3.2 Using T-PAS Scraper
17T-PAS Scraper is useful to access semantic and syntactic information about verbs and their arguments, which cannot be accessed in T-PAS online in aggregate (see Section 2). The basic idea that underlies T-PAS Scraper usage is to have an aggregated overview of the lists (i.e., columns) of data being extracted10.

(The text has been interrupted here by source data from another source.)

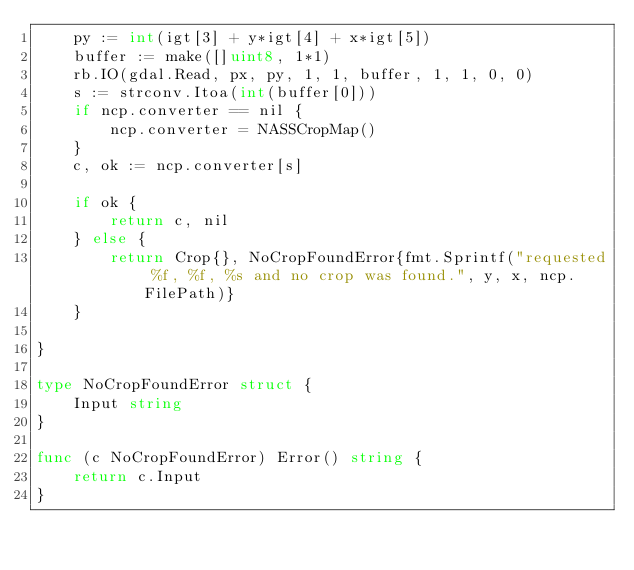Convert code to text. <code><loc_0><loc_0><loc_500><loc_500><_Go_>	py := int(igt[3] + y*igt[4] + x*igt[5])
	buffer := make([]uint8, 1*1)
	rb.IO(gdal.Read, px, py, 1, 1, buffer, 1, 1, 0, 0)
	s := strconv.Itoa(int(buffer[0]))
	if ncp.converter == nil {
		ncp.converter = NASSCropMap()
	}
	c, ok := ncp.converter[s]

	if ok {
		return c, nil
	} else {
		return Crop{}, NoCropFoundError{fmt.Sprintf("requested %f, %f, %s and no crop was found.", y, x, ncp.FilePath)}
	}

}

type NoCropFoundError struct {
	Input string
}

func (c NoCropFoundError) Error() string {
	return c.Input
}
</code> 
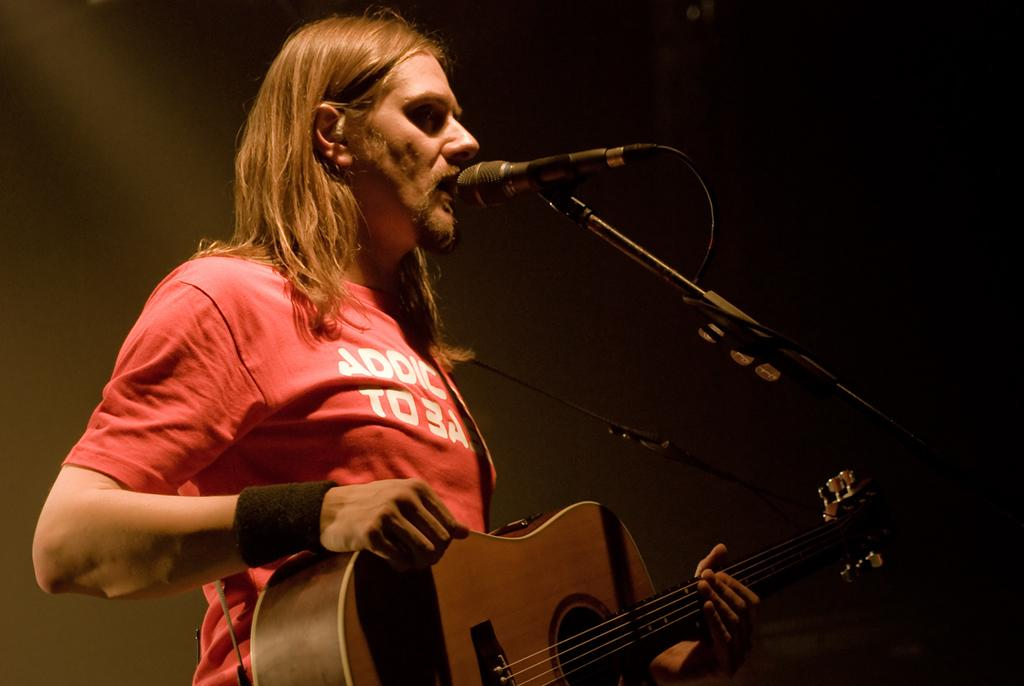Who is the main subject in the image? There is a person in the center of the image. What is the person doing in the image? The person is singing and playing a guitar. What object is in front of the person? There is a microphone in front of the person. Can you see any insects crawling on the guitar strings in the image? There are no insects visible in the image, as it focuses on the person singing and playing a guitar.

18As for the verbs, one can visualize the complete list of the 1165 verbs with different information: the number of patterns for each verb (and what is the average number of patterns, as well as which verbs have the highest number of patterns); the frequency and per-million frequency in the corpus (to check whether the frequency is somehow related to the number of patterns of that specific verb). The entire inventory of 5326 patterns contained in T-PAS online, together with the related sense description is provided, both separately and jointly. Verbs in patterns can be registered differently from their base form (i.e., the infinitive) or show for examples reflexive uses, and therefore the entire list of the verb forms can be filtered in order to obtain those forms (e.g., lavarsi, Eng. ‘to wash yourself’).
19The complete inventory of the 212 phrasal verb patterns annotated in the resource (e.g., buttare via, Eng. ‘to throw away’) and 388 idiomatic uses (e.g., bersi il cervello, ‘to go crazy’) can also be searched, also in parallel to the patterns in T-PAS online for explanatory examples.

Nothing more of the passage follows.